Willenborg and Poindexter are both white, CIS gender, heterosexual women—and they acknowledge that the stakes are higher for BIPOC, trans, and other less-represented individuals.

And that’s an inherent problem with the need for change to come from leadership, Cadet said, because most leaders are white men. When you add intersectionality to the mix, that can mean even more return on the investment of putting yourself out there, but also presents more risk.

“There's a really high possibility of being othered,” she said. “If people don't value you—as a black person, or a disabled person—then that return on investment is othering because people feel they can't relate to you or they don't like the way you're delivering something.”

That places a lot of the comfort-making responsibility on leadership—to model behavior, to encourage acceptance, and to speak up if othering happens.

At Olly, Willenborg hosts a weekly “Hanging with Hanneke,” a casual coffee meeting where employees can get to know her and their coworkers better.
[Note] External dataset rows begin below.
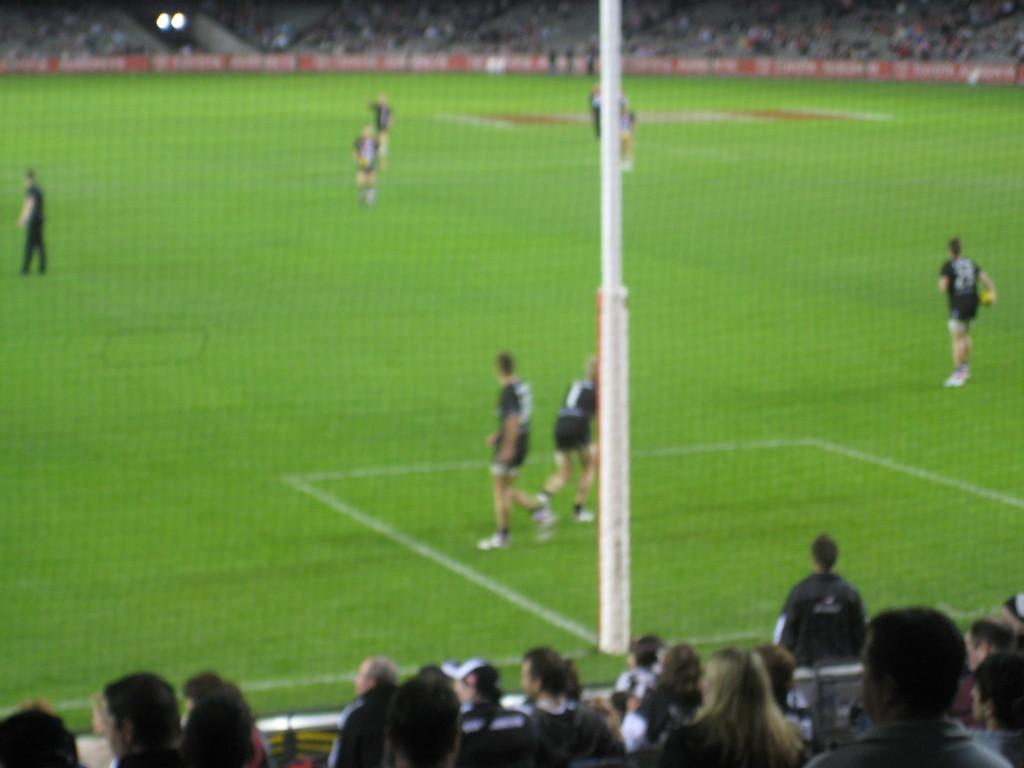What is the primary setting of the image? There is a ground in the image. What activity is taking place on the ground? There are players playing on the ground. Are there any observers present in the image? Yes, there are spectators around the ground. What type of sweater is the spectator wearing in the image? There is no information about a sweater or any specific clothing worn by the spectators in the image. 
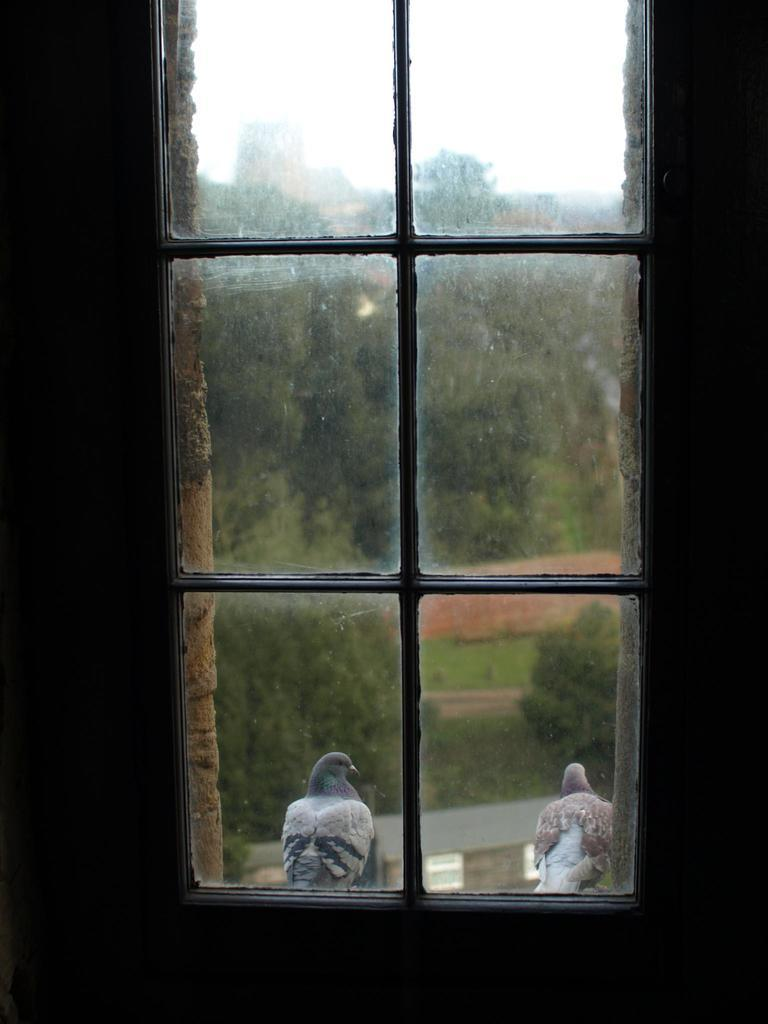What type of structure is present in the image? There is a glass window in the image. What can be seen through the window? Pigeons and trees are visible through the window. Where is the cabbage growing in the image? There is no cabbage present in the image. Can you see a tiger through the window in the image? No, there is no tiger visible through the window in the image. 
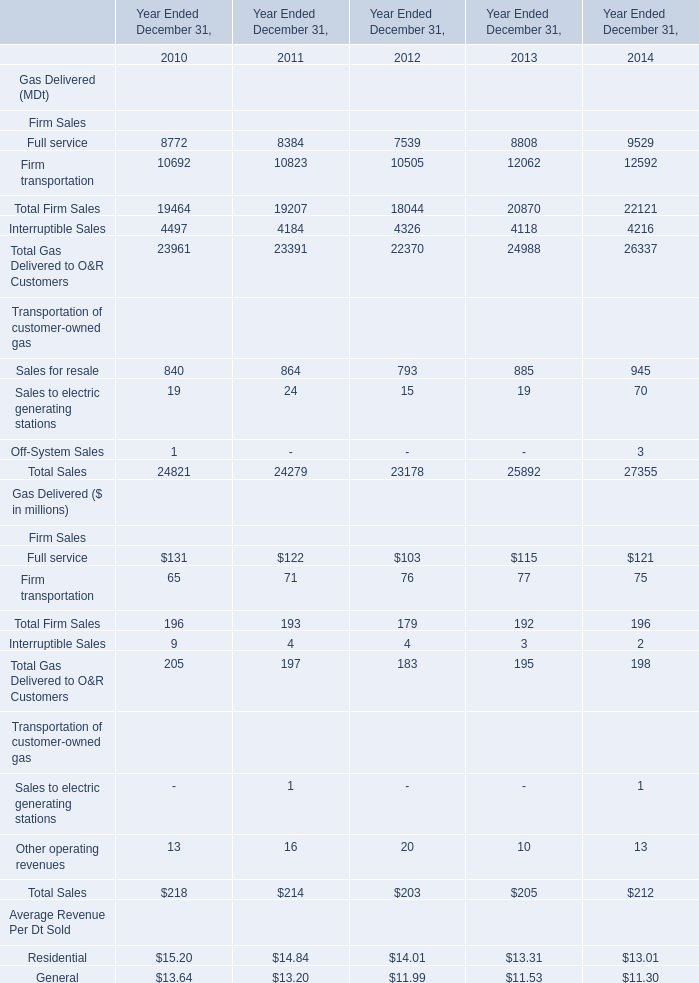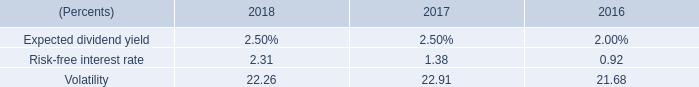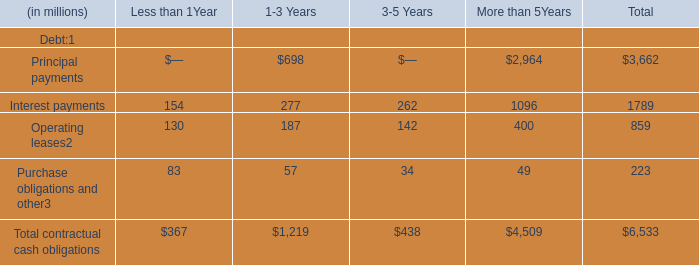What's the growth rate of total Firm Sales in 2014? 
Computations: ((196 - 192) / 192)
Answer: 0.02083.

The company also hosts a monthly “Family lunch,” a relaxed, virtual company-wide event where employees can ask questions and get company news.

Just as importantly, employees need to feel O.K. about opting out if they want to just show up and do their job. It’s about making your team feel safe, not pressured, Cadet said. Past trauma from a discriminatory environment might mean some individuals will never feel safe bringing their real self to work.

“No organization can determine safety for everyone,” she said.